Le groupe de musiciens monte sur scène, son nom c’est NR2 ( je  ne sais pas d’où viennent ces initiales), et ça déchire. Les paroles sont sympas, la musique aussi. Ca me rappelle l’époque où j’écoutais Bénabar, Carla Bruni, Vincent Delerm, etc…. Ces références sont peut-être pas les bonnes (ils se réclament de Brassens Renaud, etc…), mais c’est ce qui m’est venu.
Malheureusement, la sono est mauvaise. Ils font une pause et laissent la place à un duo d’humoristes.
L’incohérence dans une programmation, c’est un truc vraiment pas cool.
Passons sur le sketch lamentable. Et parlons de la dispute qui a eu lieu entre deux blondasses mal fagotées et des gros messieurs. Moi quand je vois une bagarre, je veux tout savoir tout de suite.
Je me plante en face d’eux, et je demande  » Qu’est ce qui se passe?  » ( J’ai lu quelque part que si on demande quelque chose avec assurance, on nous prend toujours au sérieux).
J’attends toujours la réponse à ma question.
Plus tard, le concert reprend, le public ne correspond pas, et c’est bien dommage.
Le décor non plus. Un concert de ce genre ne devrait pas se mixer avec de la connerie autour. Ca devrait être le centre de la pièce et de l’attention.
 Un concert aussi doux devrait se jouer dans un bar intimiste, avec des gens qu’ont une bière à la main et l’envie d’écouter.

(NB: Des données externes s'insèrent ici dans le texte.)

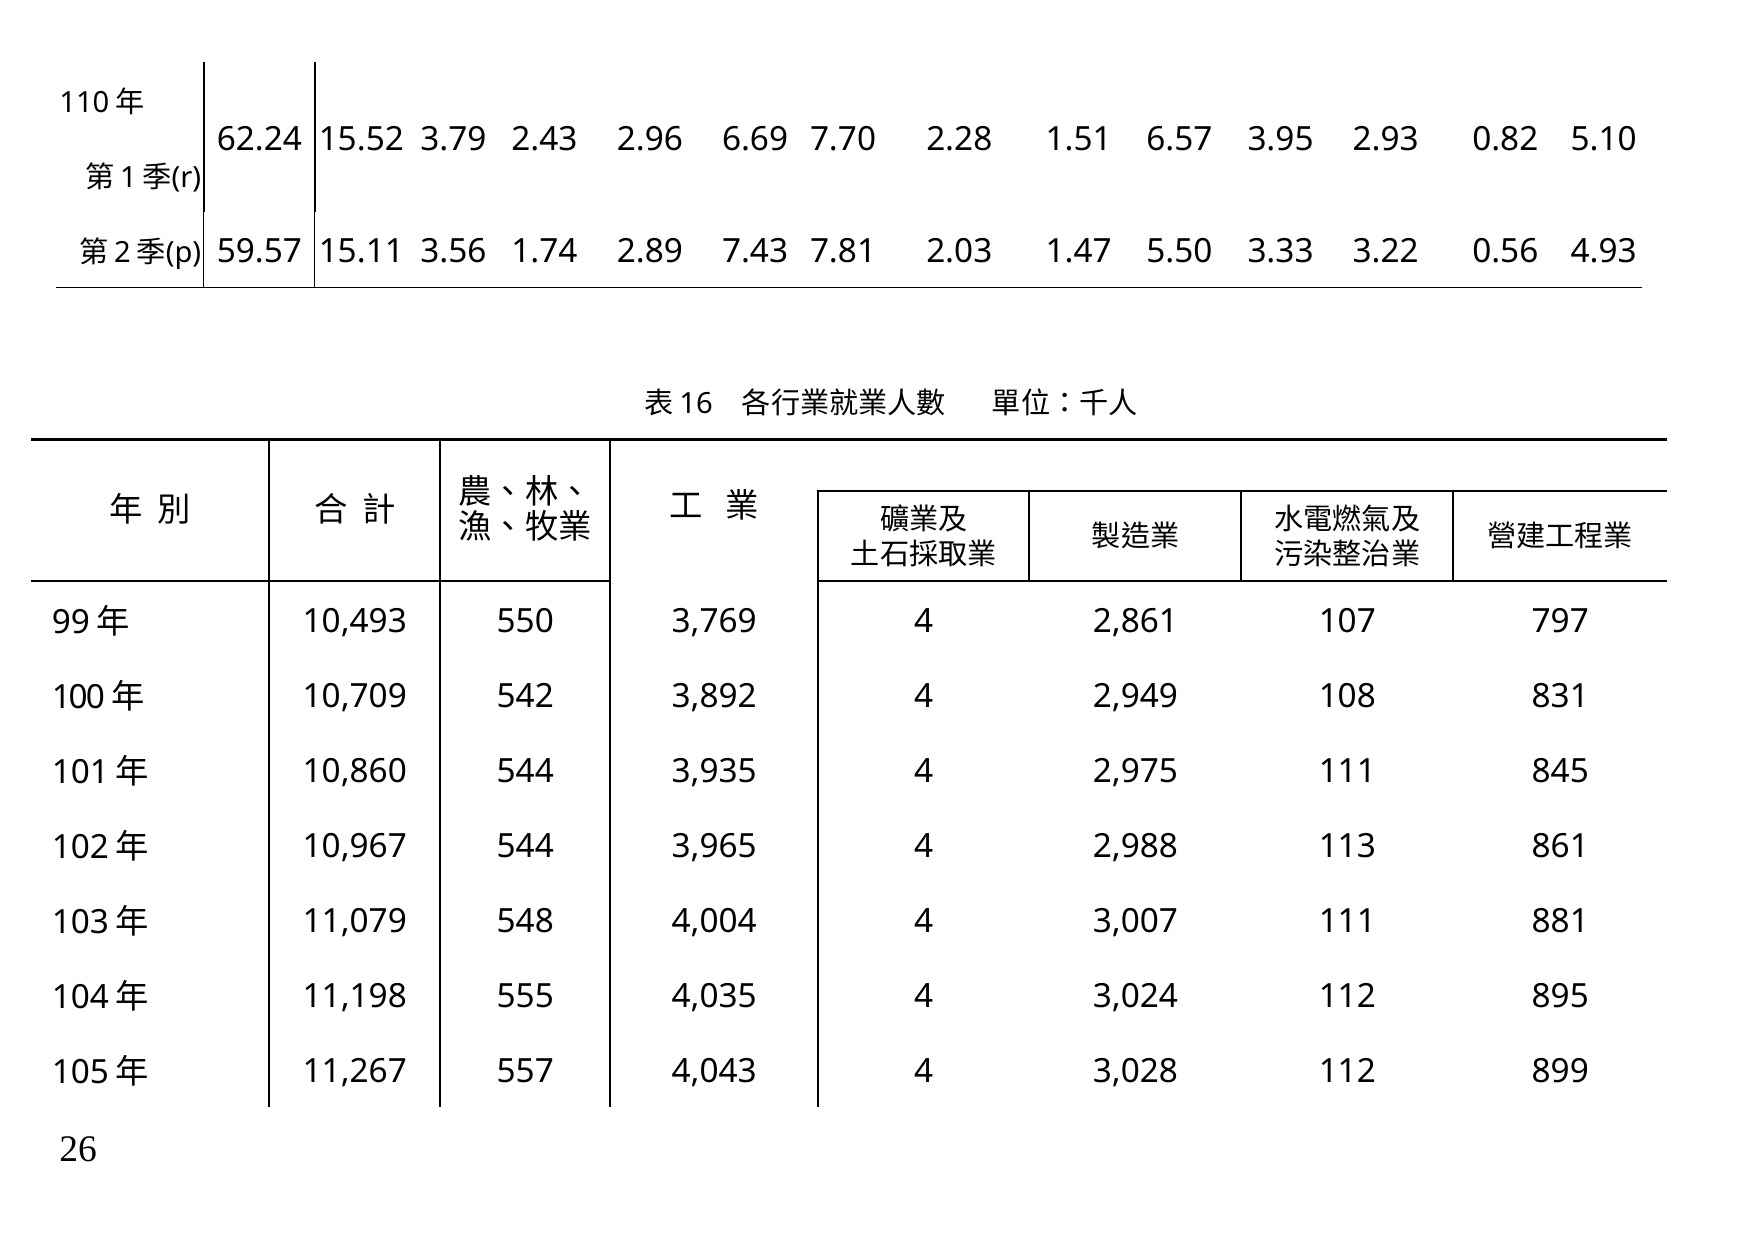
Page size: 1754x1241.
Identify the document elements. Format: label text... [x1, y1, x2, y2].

Ca devrait se jouer sur une plage la nuit, au milieu d’un groupe d’amis.
Une musique qui s’écrit, ça devrait se chanter dans un lit au petit matin.
Partout, mais  pas dans une vulgaire salle, où l’on expose des pots en céramique, et où  la canette de coca se boit à 200 dinars!
Une salle où les gens n’ont pas assez de classe pour applaudir à la fin d’une chanson.
En sortant de l’hôtel, il y avait les embouteillages de ceux qu’étaient venus voir Irban Irban se produire dans la salle à côté.
On est un peu désillusionnées dans la voiture, le concert était cool. Mais le reste si médiocre…
On dira que c’est ça l’Algérie, que c’est pas facile d’être musicien dans ce pays. A moins de se fondre dans le décor.
Mais les gens cool ne se fondent dans les décors, c’est bien connu.  Les artistes encore moins. 
Bon courage à eux. 
Mamzelle Namous










p.s i love you : la photo est de ma copine Shahinez avec son gros appareil de pro.

p.s i love you too : vous pouvez retrouver le groupe nr2 ici , et leur demander le sens de ces initiales, parce que moi j’ai posé 7 fois la question, et personne m’a entendu, alors khlass je demande plus!